We do a simple open() statement, which tries to read the file in text mode, which in turn defaults to utf-8. Since this is for debugging purposes only, the solution is quite simple:


diff --git a/ucs-school-import/modules/ucsschool/importer/frontend/cmdline.py b/ucs-school-import/modules/ucsschool/importer/frontend/cmdline.py
index 5136af597..3dff8743a 100755
--- a/ucs-school-import/modules/ucsschool/importer/frontend/cmdline.py
+++ b/ucs-school-import/modules/ucsschool/importer/frontend/cmdline.py
@@ -199,7 +199,7 @@ class CommandLine(object):
             "Import started by %s (class %r).", self.import_initiator, self.__class__.__name__
         )
 
-        with open(self.config["input"]["filename"]) as fin:
+        with open(self.config["input"]["filename"], "rb") as fin:
             line = fin.readline()
             self.logger.info("First line of %r:\n%r", self.config["input"]["filename"], line)

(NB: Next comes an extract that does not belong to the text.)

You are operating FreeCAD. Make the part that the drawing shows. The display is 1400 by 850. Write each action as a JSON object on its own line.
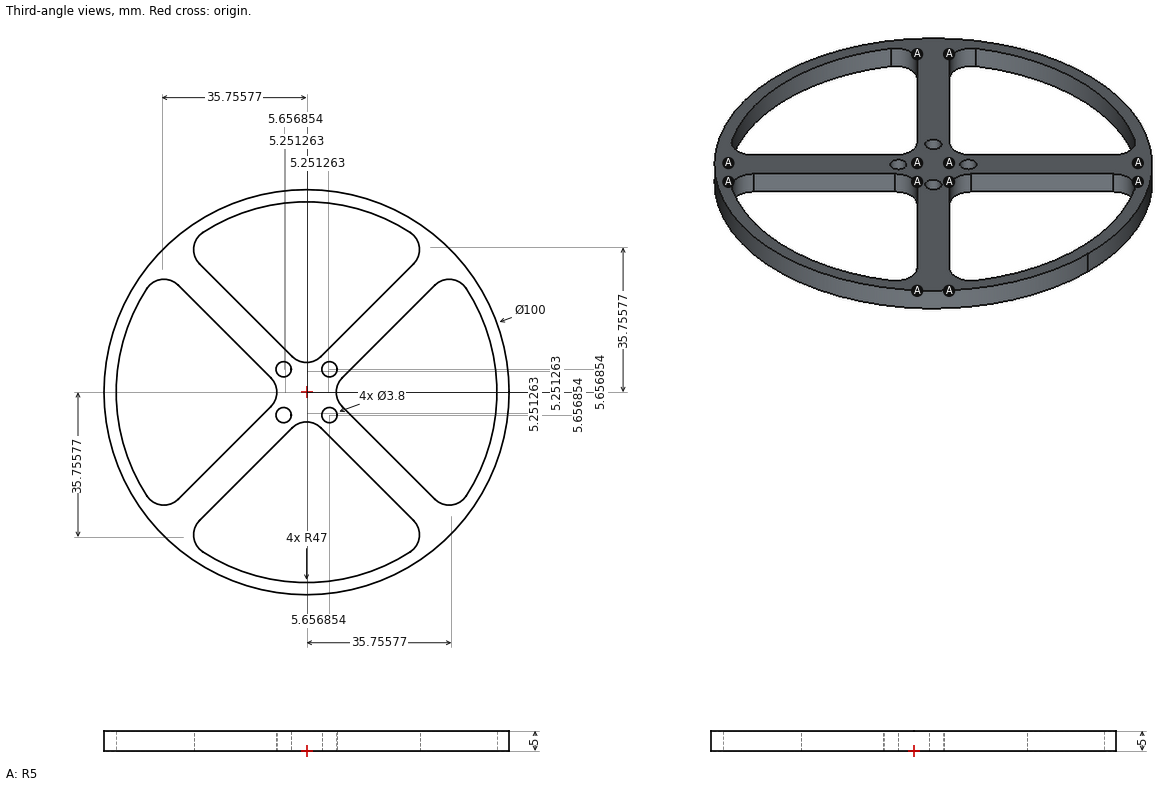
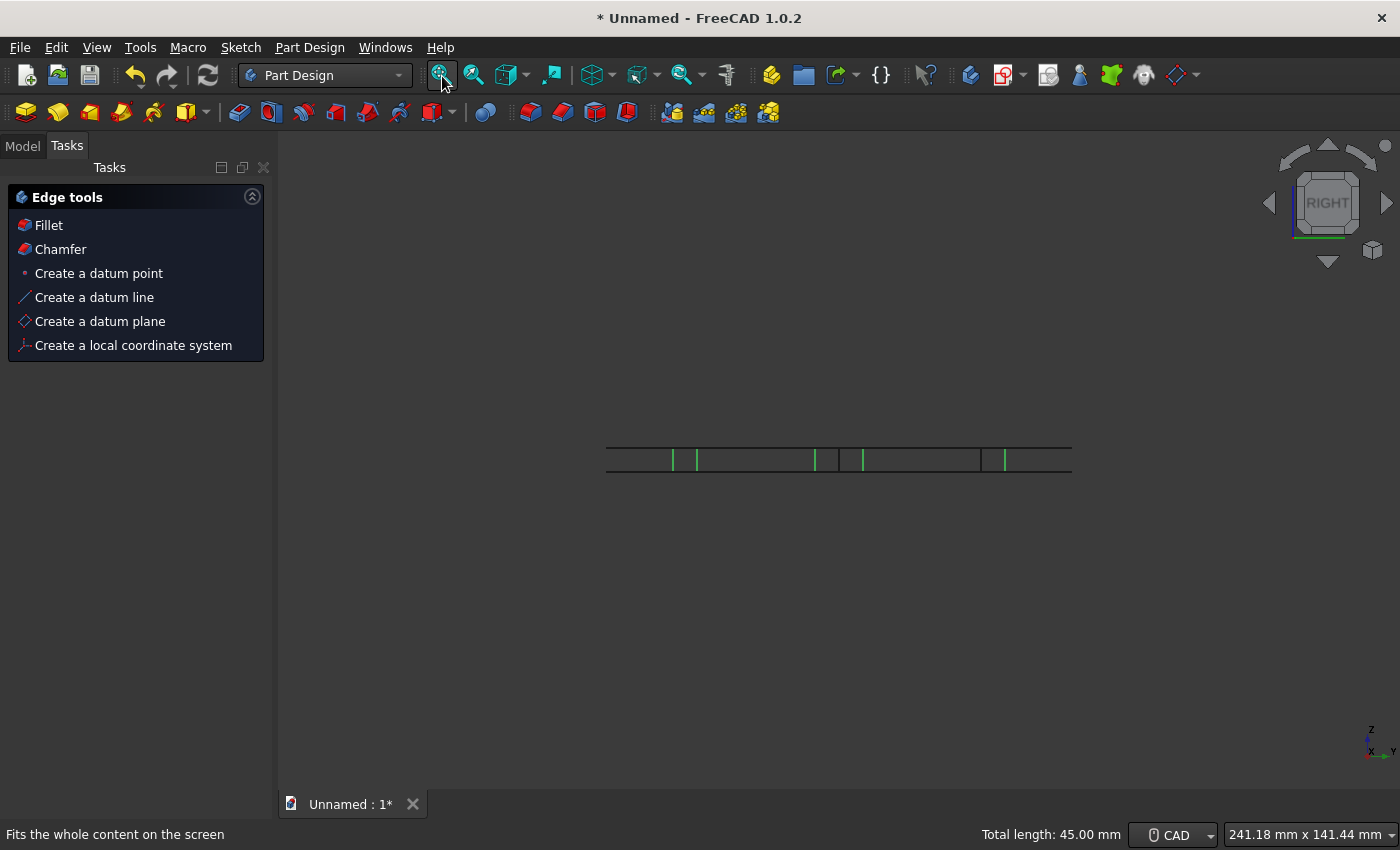
{"action": "left_click", "coordinate": [981, 459], "text": "ctrl"}

We just have to open the file in read-byte mode instead to avoid encoding problems here.
Until this bug is fixed, you could apply this patch in the customer environment to fix the problem temporarily.
Comment 5 Johannes Königer univentionstaff 2023-12-15 09:39:54 CET
Fixed with ucs-school-import (18.0.40)
34c30aa9727dca72ee1c5853b16d2c85dcb3c992
Comment 6 Johannes Königer univentionstaff 2023-12-19 16:01:56 CET
Errata updates for UCS@school 5.0 v4 have been released.

https://docs.software-univention.de/ucsschool-changelog/5.0v4/en/changelog.html
https://docs.software-univention.de/ucsschool-changelog/5.0v4/de/changelog.html

If this error occurs again, please clone this bug.